LogicMonitor automatically detects the appearance of new infrastructure or application components or entire environments and can dynamically map dependencies of all corporate technology and application assets. That provides the foundation for LogicMonitor's AI assistant, Edwin AI, to offer business-driven insights and automation. Those capabilities can help teams reduce operational complexity and operator workload, while at the same time optimizing cost and performance.
Key learnings on hybrid observability
AI by itself is not sufficient for organizations to optimally align their technology investments with business priorities by utilizing an observability tool. Effective anomaly detection requires a robust baseline of normal system behavior and the ability to recognize subtle deviations across complex, interdependent systems. Without accurate and continuous data collection, dependency mapping and real-time visibility into hybrid environments, AI models can miss crucial context. That can result in false positives or inaccurate diagnoses. Furthermore, autodiscovery ensures that even rapidly changing infrastructure components are incorporated into the monitoring process, keeping AI models relevant and precise.

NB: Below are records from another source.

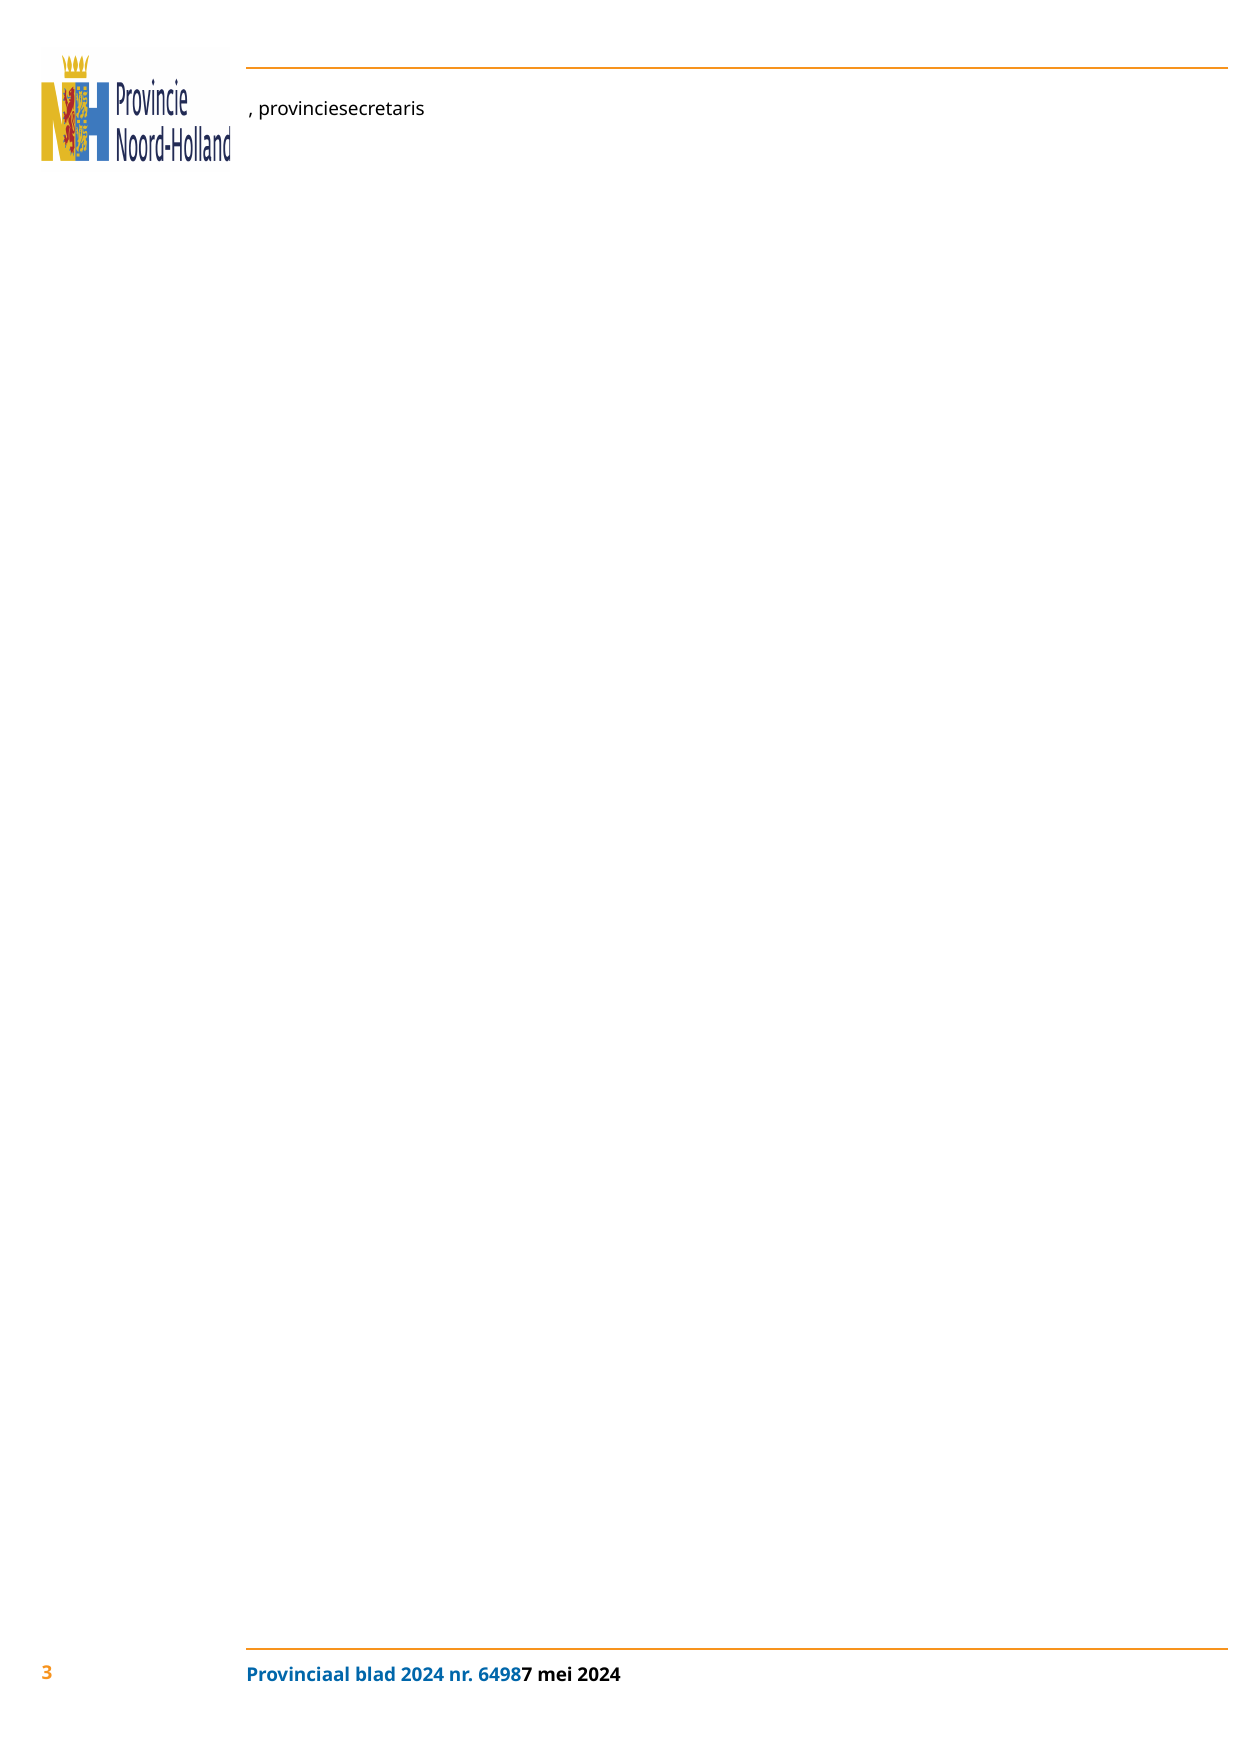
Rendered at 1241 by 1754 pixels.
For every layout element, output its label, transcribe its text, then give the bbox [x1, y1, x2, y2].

text , provinciesecretaris [248, 95, 1152, 121]
picture [41, 47, 231, 172]
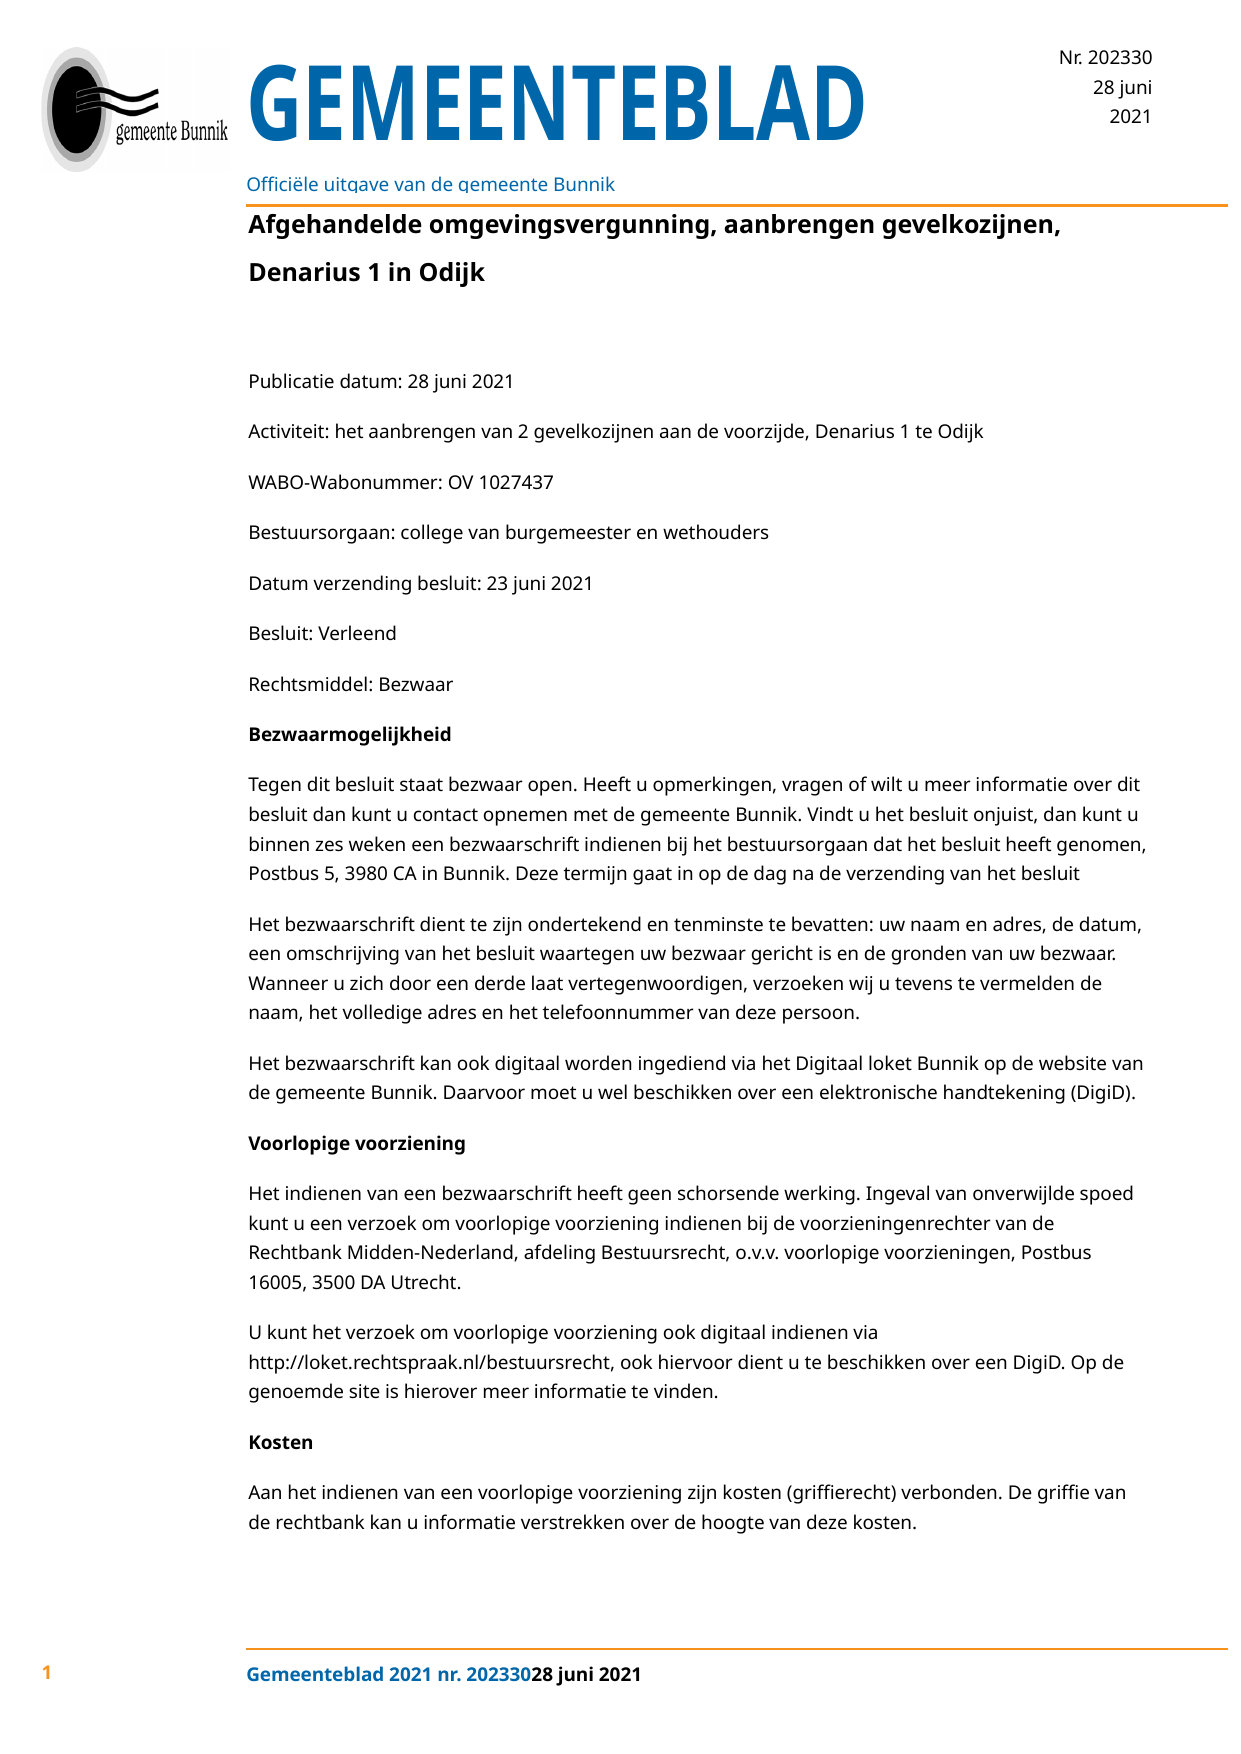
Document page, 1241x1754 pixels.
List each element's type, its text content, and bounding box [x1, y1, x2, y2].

text Besluit: Verleend [248, 620, 1152, 646]
text Het bezwaarschrift kan ook digitaal worden ingediend via het Digitaal loket Bunnik op de website van de gemeente Bunnik. Daarvoor moet u wel beschikken over een elektronische handtekening (DigiD). [248, 1050, 1152, 1105]
text Rechtsmiddel: Bezwaar [248, 671, 1152, 697]
text Het bezwaarschrift dient te zijn ondertekend en tenminste te bevatten: uw naam en adres, de datum, een omschrijving van het besluit waartegen uw bezwaar gericht is en de gronden van uw bezwaar. Wanneer u zich door een derde laat vertegenwoordigen, verzoeken wij u tevens te vermelden de naam, het volledige adres en het telefoonnummer van deze persoon. [248, 911, 1152, 1025]
text WABO-Wabonummer: OV 1027437 [248, 469, 1152, 495]
text Aan het indienen van een voorlopige voorziening zijn kosten (griffierecht) verbonden. De griffie van de rechtbank kan u informatie verstrekken over de hoogte van deze kosten. [248, 1479, 1152, 1535]
text Bestuursorgaan: college van burgemeester en wethouders [248, 519, 1152, 545]
text Tegen dit besluit staat bezwaar open. Heeft u opmerkingen, vragen of wilt u meer informatie over dit besluit dan kunt u contact opnemen met de gemeente Bunnik. Vindt u het besluit onjuist, dan kunt u binnen zes weken een bezwaarschrift indienen bij het bestuursorgaan dat het besluit heeft genomen, Postbus 5, 3980 CA in Bunnik. Deze termijn gaat in op de dag na de verzending van het besluit [248, 772, 1152, 886]
text Afgehandelde omgevingsvergunning, aanbrengen gevelkozijnen, Denarius 1 in Odijk [248, 207, 1152, 288]
text Kosten [248, 1429, 1152, 1455]
text Activiteit: het aanbrengen van 2 gevelkozijnen aan de voorzijde, Denarius 1 te Odijk [248, 419, 1152, 444]
text Datum verzending besluit: 23 juni 2021 [248, 570, 1152, 596]
text Het indienen van een bezwaarschrift heeft geen schorsende werking. Ingeval van onverwijlde spoed kunt u een verzoek om voorlopige voorziening indienen bij de voorzieningenrechter van de Rechtbank Midden-Nederland, afdeling Bestuursrecht, o.v.v. voorlopige voorzieningen, Postbus 16005, 3500 DA Utrecht. [248, 1180, 1152, 1295]
text Voorlopige voorziening [248, 1130, 1152, 1156]
text Publicatie datum: 28 juni 2021 [248, 368, 1152, 394]
picture [41, 47, 231, 172]
text Bezwaarmogelijkheid [248, 721, 1152, 747]
text U kunt het verzoek om voorlopige voorziening ook digitaal indienen via http://loket.rechtspraak.nl/bestuursrecht, ook hiervoor dient u te beschikken over een DigiD. Op de genoemde site is hierover meer informatie te vinden. [248, 1319, 1152, 1404]

To unlock the full potential of AI-driven observability, organizations must invest in hybrid observability platforms, intelligent data collection practices, automated discovery and comprehensive dependency mapping. Only by ensuring that these foundational elements are in place can AI provide the actionable insights, automated root cause analysis and proactive issue prevention needed to optimize modern IT environments.
Jim Frey covers networking as principal analyst at TechTarget's Enterprise Strategy Group.
Torsten Volk is principal analyst at TechTarget's Enterprise Strategy Group covering application modernization, cloud-native applications, DevOps, hybrid cloud and observability.
Enterprise Strategy Group is a division of TechTarget. Its analysts have business relationships with technology vendors.